¶27 I respectfully dissent as the known and present danger exception clearly applies. A kettle that holds boiling liquids and has been known for over a year to have defective gears and be prone to tipping is a known and present danger that creates a ministerial duty to repair or prevent injury. The fact that the injury occurred to a prisoner (as the majority highlights in the first line of its decision) is meaningless to our analysis. Let's change our outlook as to who was injured, but keep all other facts, dates, and times the same. The kitchen is now at the Wisconsin State Capitol and the same four connected kettles (see picture below) are in a serving line of a buffet that the public, legislators, and our supreme court justices use to obtain their lunch.
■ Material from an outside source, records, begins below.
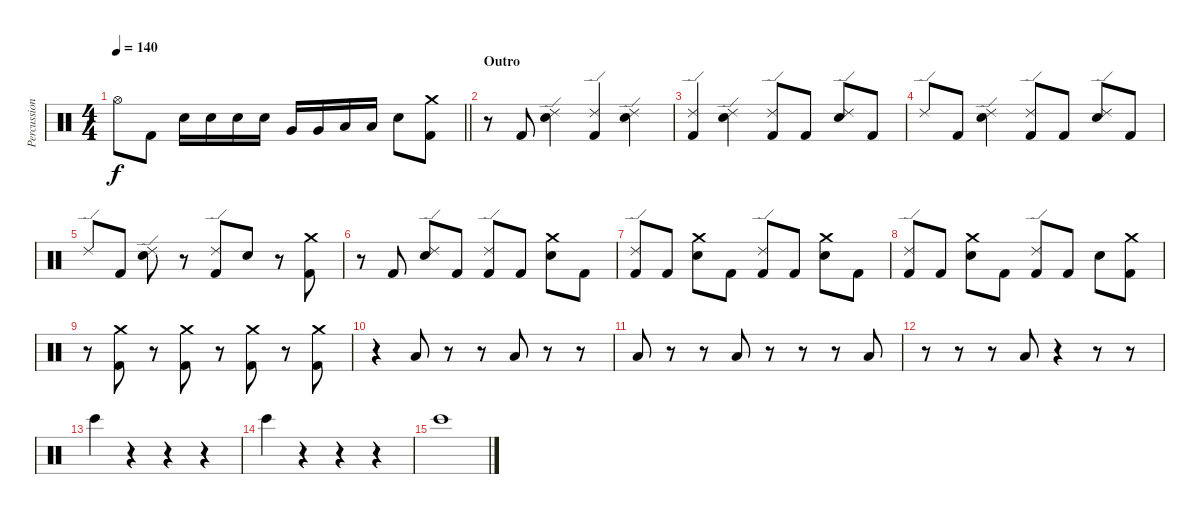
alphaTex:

\track ("Percussion" "Percussion") {instrument percussion}
\staff {score}
\articulation defaults
\ts (4 4)
\tempo 140
\clef neutral
\barLineRight lightlight
\ks c "Hi-Hat (open)".8{dy f} "Kick (hit) 2".8 "Electric Snare (hit)".16 "Electric Snare (hit)".16 "Electric Snare (hit)".16 "Electric Snare (hit)".16 "Very Low Tom (hit)".16 "Very Low Tom (hit)".16 "Low Tom (hit)".16 "Low Tom (hit)".16 "Electric Snare (hit)".8
("Crash medium (hit)" "Kick (hit) 2").8 |
\section ("" "Outro")
r.8 "Kick (hit) 2".8 ("Ride (edge) 2" "Electric Snare (hit)").4 ("Ride (edge) 2" "Kick (hit) 2").4 ("Ride (edge) 2" "Electric Snare (hit)").4 |
("Ride (edge) 2" "Kick (hit) 2").4 ("Ride (edge) 2" "Electric Snare (hit)").4 ("Ride (edge) 2" "Kick (hit) 2").8 "Kick (hit) 2".8 ("Ride (edge) 2" "Electric Snare (hit)").8 "Kick (hit) 2".8 |
"Ride (edge) 2".8 "Kick (hit) 2".8 ("Ride (edge) 2" "Electric Snare (hit)").4 ("Ride (edge) 2" "Kick (hit) 2").8 "Kick (hit) 2".8 ("Ride (edge) 2" "Electric Snare (hit)").8 "Kick (hit) 2".8 |
"Ride (edge) 2".8 "Kick (hit) 2".8 ("Ride (edge) 2" "Electric Snare (hit)").8 r.8 ("Ride (edge) 2" "Kick (hit) 2").8 "Electric Snare (hit)".8 r.8 ("Kick (hit) 2" "Crash medium (hit)").8 |
r.8 "Kick (hit) 2".8 ("Ride (edge) 2" "Electric Snare (hit)").8 "Kick (hit) 2".8 ("Ride (edge) 2" "Kick (hit) 2").8 "Kick (hit) 2".8 ("Crash medium (hit)" "Electric Snare (hit)").8 "Kick (hit) 2".8 |
("Ride (edge) 2" "Kick (hit) 2").8 "Kick (hit) 2".8 ("Crash medium (hit)" "Electric Snare (hit)").8 "Kick (hit) 2".8 ("Ride (edge) 2" "Kick (hit) 2").8 "Kick (hit) 2".8 ("Crash medium (hit)" "Electric Snare (hit)").8 "Kick (hit) 2".8 |
("Ride (edge) 2" "Kick (hit) 2").8 "Kick (hit) 2".8 ("Crash medium (hit)" "Electric Snare (hit)").8 "Kick (hit) 2".8 ("Ride (edge) 2" "Kick (hit) 2").8 "Kick (hit) 2".8 "Electric Snare (hit)".8 ("Crash medium (hit)" "Kick (hit) 2").8 |
r.8 ("Crash medium (hit)" "Kick (hit) 2").8 r.8 ("Crash medium (hit)" "Kick (hit) 2").8 r.8 ("Kick (hit) 2" "Crash medium (hit)").8 r.8 ("Kick (hit) 2" "Crash medium (hit)").8 |
r.4 "Low Tom (hit)".8 r.8 r.8 "Low Tom (hit)".8 r.8 r.8 |
"Low Tom (hit)".8 r.8 r.8 "Low Tom (hit)".8 r.8 r.8 r.8 "Low Tom (hit)".8 |
r.8 r.8 r.8 "Low Tom (hit)".8 r.4 r.8 r.8 |
"Bongo High (hit)".4 r.4 r.4 r.4 |
"Bongo High (hit)".4 r.4 r.4 r.4 |
"Bongo High (hit)".1
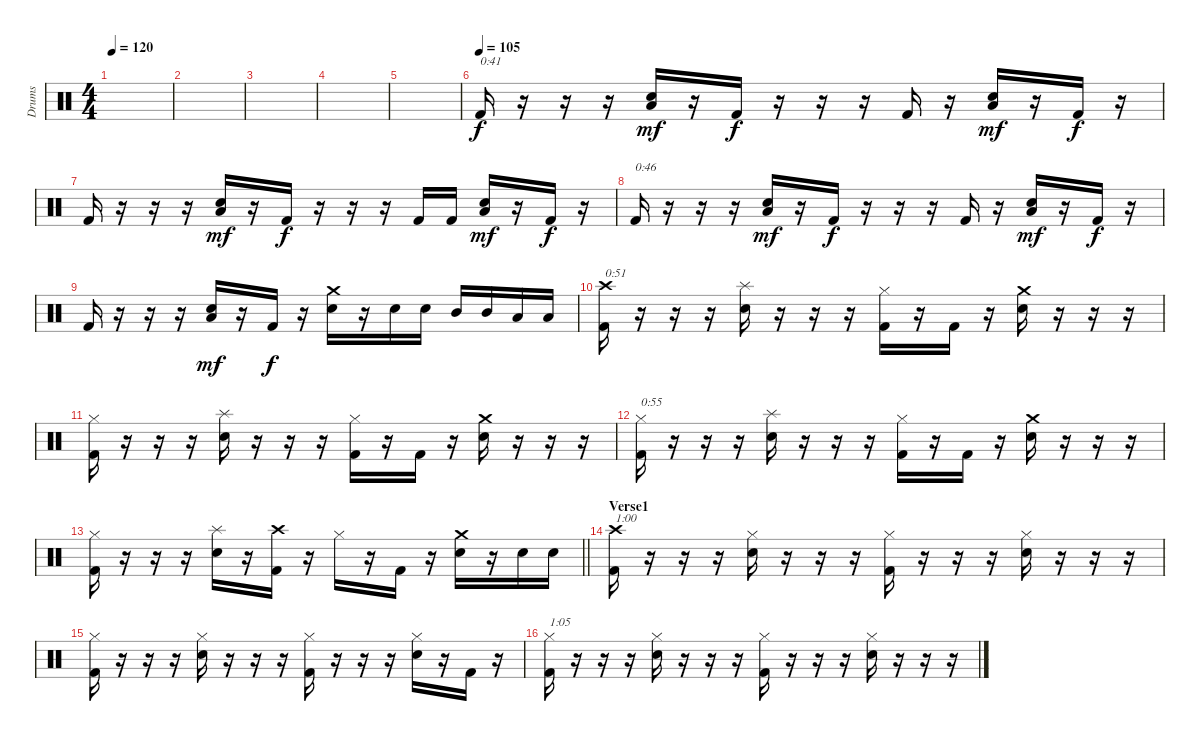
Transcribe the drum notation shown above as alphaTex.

\track ("Drums" "Drums") {instrument percussion}
\staff {score}
\articulation defaults
\ts (4 4)
\tempo 120
\clef neutral
\ks c
|
|
|
|
|
\tempo (105)
"Kick (hit) 2".16{txt "0:41"} r.16 r.16 r.16 ("Low Floor Tom (hit)" "Electric Snare (hit)").16{dy mf} r.16 "Kick (hit) 2".16{dy f} r.16 r.16 r.16 "Kick (hit) 2".16 r.16 ("Low Floor Tom (hit)" "Electric Snare (hit)").16{dy mf} r.16 "Kick (hit) 2".16{dy f} r.16 |
"Kick (hit) 2".16 r.16 r.16 r.16 ("Low Floor Tom (hit)" "Electric Snare (hit)").16{dy mf} r.16 "Kick (hit) 2".16{dy f} r.16 r.16 r.16 "Kick (hit) 2".16 "Kick (hit) 2".16 ("Low Floor Tom (hit)" "Electric Snare (hit)").16{dy mf} r.16 "Kick (hit) 2".16{dy f} r.16 |
"Kick (hit) 2".16{txt "0:46"} r.16 r.16 r.16 ("Low Floor Tom (hit)" "Electric Snare (hit)").16{dy mf} r.16 "Kick (hit) 2".16{dy f} r.16 r.16 r.16 "Kick (hit) 2".16 r.16 ("Low Floor Tom (hit)" "Electric Snare (hit)").16{dy mf} r.16 "Kick (hit) 2".16{dy f} r.16 |
"Kick (hit) 2".16 r.16 r.16 r.16 ("Low Floor Tom (hit)" "Electric Snare (hit)").16{dy mf} r.16 "Kick (hit) 2".16{dy f} r.16 ("Crash medium (hit)" "Electric Snare (hit)").16 r.16 "Electric Snare (hit)".16 "Electric Snare (hit)".16 "Mid Tom (hit)".16 "Mid Tom (hit)".16 "Low Tom (hit)".16 "Low Tom (hit)".16 |
("Crash high (hit)" "Kick (hit) 2").16{txt "0:51"} r.16 r.16 r.16 ("Splash (hit)" "Electric Snare (hit)").16 r.16 r.16 r.16 ("Hi-Hat (closed)" "Kick (hit) 2").16 r.16 "Kick (hit) 2".16 r.16 ("Crash medium (hit)" "Electric Snare (hit)").16 r.16 r.16 r.16 |
("Hi-Hat (closed)" "Kick (hit) 2").16 r.16 r.16 r.16 ("Splash (hit)" "Electric Snare (hit)").16 r.16 r.16 r.16 ("Hi-Hat (closed)" "Kick (hit) 2").16 r.16 "Kick (hit) 2".16 r.16 ("Crash medium (hit)" "Electric Snare (hit)").16 r.16 r.16 r.16 |
("Hi-Hat (closed)" "Kick (hit) 2").16{txt "0:55"} r.16 r.16 r.16 ("Splash (hit)" "Electric Snare (hit)").16 r.16 r.16 r.16 ("Hi-Hat (closed)" "Kick (hit) 2").16 r.16 "Kick (hit) 2".16 r.16 ("Crash medium (hit)" "Electric Snare (hit)").16 r.16 r.16 r.16 |
\barLineRight lightlight
("Hi-Hat (closed)" "Kick (hit) 2").16 r.16 r.16 r.16 ("Splash (hit)" "Electric Snare (hit)").16 r.16 ("Crash high (hit)" "Kick (hit) 2").16 r.16 "Hi-Hat (closed)".16 r.16 "Kick (hit) 2".16 r.16 ("Crash medium (hit)" "Electric Snare (hit)").16 r.16 "Electric Snare (hit)".16 "Electric Snare (hit)".16 |
\section ("" "Verse1")
("Crash high (hit)" "Kick (hit) 2").16{txt "1:00"} r.16 r.16 r.16 ("Hi-Hat (closed)" "Electric Snare (hit)").16 r.16 r.16 r.16 ("Hi-Hat (closed)" "Kick (hit) 2").16 r.16 r.16 r.16 ("Hi-Hat (closed)" "Electric Snare (hit)").16 r.16 r.16 r.16 |
("Hi-Hat (closed)" "Kick (hit) 2").16 r.16 r.16 r.16 ("Hi-Hat (closed)" "Electric Snare (hit)").16 r.16 r.16 r.16 ("Hi-Hat (closed)" "Kick (hit) 2").16 r.16 r.16 r.16 ("Hi-Hat (closed)" "Electric Snare (hit)").16 r.16 "Kick (hit) 2".16 r.16 |
("Hi-Hat (closed)" "Kick (hit) 2").16{txt "1:05"} r.16 r.16 r.16 ("Hi-Hat (closed)" "Electric Snare (hit)").16 r.16 r.16 r.16 ("Hi-Hat (closed)" "Kick (hit) 2").16 r.16 r.16 r.16 ("Hi-Hat (closed)" "Electric Snare (hit)").16 r.16 r.16 r.16
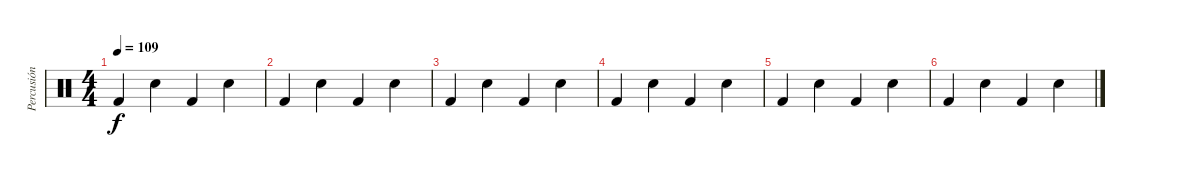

¶28 On March 4, 2014, a decorated World War II veteran was invited to the capitol for a ceremony. He arrived early and decided to get some lunch in the capitol cafeteria. While fishing a hot dog out of the kettle (the same kettle that tipped onto Jackson), the kettle, without warning, tipped and doused him with boiling water and 300 hot dogs. He was badly burned and required hospitalization, skin grafts, and was left with permanent impairment and disfigurement. As a knowledgeable citizen, he knew that immunity prevented liability unless an exception to immunity applied. The veteran made a courteous inquiry to the state as to whether, prior to March 4, 2014, the state knew of any problems with the kettle.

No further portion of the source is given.